* _Data supplied_:
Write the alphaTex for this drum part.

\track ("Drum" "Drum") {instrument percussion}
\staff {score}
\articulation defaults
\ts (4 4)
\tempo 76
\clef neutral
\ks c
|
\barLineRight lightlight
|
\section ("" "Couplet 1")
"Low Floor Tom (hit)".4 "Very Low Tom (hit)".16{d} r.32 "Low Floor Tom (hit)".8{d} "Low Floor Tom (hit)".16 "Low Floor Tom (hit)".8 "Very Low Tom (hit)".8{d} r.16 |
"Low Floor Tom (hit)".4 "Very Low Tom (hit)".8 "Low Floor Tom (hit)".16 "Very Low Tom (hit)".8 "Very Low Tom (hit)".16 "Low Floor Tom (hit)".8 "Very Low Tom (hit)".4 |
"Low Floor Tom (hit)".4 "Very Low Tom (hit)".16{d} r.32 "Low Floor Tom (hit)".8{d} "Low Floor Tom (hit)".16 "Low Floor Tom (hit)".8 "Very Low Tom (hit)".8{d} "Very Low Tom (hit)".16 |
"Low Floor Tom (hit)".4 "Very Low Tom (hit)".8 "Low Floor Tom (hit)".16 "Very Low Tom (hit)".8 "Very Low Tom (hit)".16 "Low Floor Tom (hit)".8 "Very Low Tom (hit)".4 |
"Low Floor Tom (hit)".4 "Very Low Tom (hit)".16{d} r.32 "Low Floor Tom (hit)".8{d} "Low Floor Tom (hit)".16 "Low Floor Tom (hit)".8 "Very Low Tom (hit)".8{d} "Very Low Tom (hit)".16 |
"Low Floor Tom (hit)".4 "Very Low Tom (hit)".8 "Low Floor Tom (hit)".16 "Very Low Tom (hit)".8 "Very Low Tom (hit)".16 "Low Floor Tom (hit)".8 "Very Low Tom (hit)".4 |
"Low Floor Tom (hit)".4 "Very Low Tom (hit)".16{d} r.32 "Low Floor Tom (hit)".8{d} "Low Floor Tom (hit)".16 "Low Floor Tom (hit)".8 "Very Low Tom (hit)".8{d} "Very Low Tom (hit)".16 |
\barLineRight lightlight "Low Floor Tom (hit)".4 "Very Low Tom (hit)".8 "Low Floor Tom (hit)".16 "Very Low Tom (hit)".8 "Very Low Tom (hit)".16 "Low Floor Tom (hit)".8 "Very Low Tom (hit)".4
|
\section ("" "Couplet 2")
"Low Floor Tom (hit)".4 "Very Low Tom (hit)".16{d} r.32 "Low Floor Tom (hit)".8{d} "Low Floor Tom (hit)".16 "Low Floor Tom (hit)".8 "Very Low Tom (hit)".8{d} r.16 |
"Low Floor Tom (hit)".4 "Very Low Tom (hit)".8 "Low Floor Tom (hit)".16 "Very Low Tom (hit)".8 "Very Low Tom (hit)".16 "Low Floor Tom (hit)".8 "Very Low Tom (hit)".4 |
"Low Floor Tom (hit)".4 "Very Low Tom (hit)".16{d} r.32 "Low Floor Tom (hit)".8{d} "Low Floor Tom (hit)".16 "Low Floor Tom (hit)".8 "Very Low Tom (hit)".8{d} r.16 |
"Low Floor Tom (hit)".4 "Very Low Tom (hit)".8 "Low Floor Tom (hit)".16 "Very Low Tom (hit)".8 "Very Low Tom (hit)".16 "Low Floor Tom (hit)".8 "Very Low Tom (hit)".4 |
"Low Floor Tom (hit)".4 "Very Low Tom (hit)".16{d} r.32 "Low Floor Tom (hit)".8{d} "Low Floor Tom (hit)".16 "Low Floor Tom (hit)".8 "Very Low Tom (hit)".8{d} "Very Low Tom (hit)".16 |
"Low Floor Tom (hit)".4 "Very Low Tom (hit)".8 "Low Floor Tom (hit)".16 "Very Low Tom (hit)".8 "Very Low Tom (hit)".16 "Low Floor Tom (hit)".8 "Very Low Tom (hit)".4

* _Task prompt_:
Output all records exactly, with nothing added or dropped.

* _Task output_:
Write the alphaTex for this drum part.

\track ("Drum" "Drum") {instrument percussion}
\staff {score}
\articulation defaults
\ts (4 4)
\tempo 76
\clef neutral
\ks c
|
\barLineRight lightlight
|
\section ("" "Couplet 1")
"Low Floor Tom (hit)".4 "Very Low Tom (hit)".16{d} r.32 "Low Floor Tom (hit)".8{d} "Low Floor Tom (hit)".16 "Low Floor Tom (hit)".8 "Very Low Tom (hit)".8{d} r.16 |
"Low Floor Tom (hit)".4 "Very Low Tom (hit)".8 "Low Floor Tom (hit)".16 "Very Low Tom (hit)".8 "Very Low Tom (hit)".16 "Low Floor Tom (hit)".8 "Very Low Tom (hit)".4 |
"Low Floor Tom (hit)".4 "Very Low Tom (hit)".16{d} r.32 "Low Floor Tom (hit)".8{d} "Low Floor Tom (hit)".16 "Low Floor Tom (hit)".8 "Very Low Tom (hit)".8{d} "Very Low Tom (hit)".16 |
"Low Floor Tom (hit)".4 "Very Low Tom (hit)".8 "Low Floor Tom (hit)".16 "Very Low Tom (hit)".8 "Very Low Tom (hit)".16 "Low Floor Tom (hit)".8 "Very Low Tom (hit)".4 |
"Low Floor Tom (hit)".4 "Very Low Tom (hit)".16{d} r.32 "Low Floor Tom (hit)".8{d} "Low Floor Tom (hit)".16 "Low Floor Tom (hit)".8 "Very Low Tom (hit)".8{d} "Very Low Tom (hit)".16 |
"Low Floor Tom (hit)".4 "Very Low Tom (hit)".8 "Low Floor Tom (hit)".16 "Very Low Tom (hit)".8 "Very Low Tom (hit)".16 "Low Floor Tom (hit)".8 "Very Low Tom (hit)".4 |
"Low Floor Tom (hit)".4 "Very Low Tom (hit)".16{d} r.32 "Low Floor Tom (hit)".8{d} "Low Floor Tom (hit)".16 "Low Floor Tom (hit)".8 "Very Low Tom (hit)".8{d} "Very Low Tom (hit)".16 |
\barLineRight lightlight "Low Floor Tom (hit)".4 "Very Low Tom (hit)".8 "Low Floor Tom (hit)".16 "Very Low Tom (hit)".8 "Very Low Tom (hit)".16 "Low Floor Tom (hit)".8 "Very Low Tom (hit)".4
|
\section ("" "Couplet 2")
"Low Floor Tom (hit)".4 "Very Low Tom (hit)".16{d} r.32 "Low Floor Tom (hit)".8{d} "Low Floor Tom (hit)".16 "Low Floor Tom (hit)".8 "Very Low Tom (hit)".8{d} r.16 |
"Low Floor Tom (hit)".4 "Very Low Tom (hit)".8 "Low Floor Tom (hit)".16 "Very Low Tom (hit)".8 "Very Low Tom (hit)".16 "Low Floor Tom (hit)".8 "Very Low Tom (hit)".4 |
"Low Floor Tom (hit)".4 "Very Low Tom (hit)".16{d} r.32 "Low Floor Tom (hit)".8{d} "Low Floor Tom (hit)".16 "Low Floor Tom (hit)".8 "Very Low Tom (hit)".8{d} r.16 |
"Low Floor Tom (hit)".4 "Very Low Tom (hit)".8 "Low Floor Tom (hit)".16 "Very Low Tom (hit)".8 "Very Low Tom (hit)".16 "Low Floor Tom (hit)".8 "Very Low Tom (hit)".4 |
"Low Floor Tom (hit)".4 "Very Low Tom (hit)".16{d} r.32 "Low Floor Tom (hit)".8{d} "Low Floor Tom (hit)".16 "Low Floor Tom (hit)".8 "Very Low Tom (hit)".8{d} "Very Low Tom (hit)".16 |
"Low Floor Tom (hit)".4 "Very Low Tom (hit)".8 "Low Floor Tom (hit)".16 "Very Low Tom (hit)".8 "Very Low Tom (hit)".16 "Low Floor Tom (hit)".8 "Very Low Tom (hit)".4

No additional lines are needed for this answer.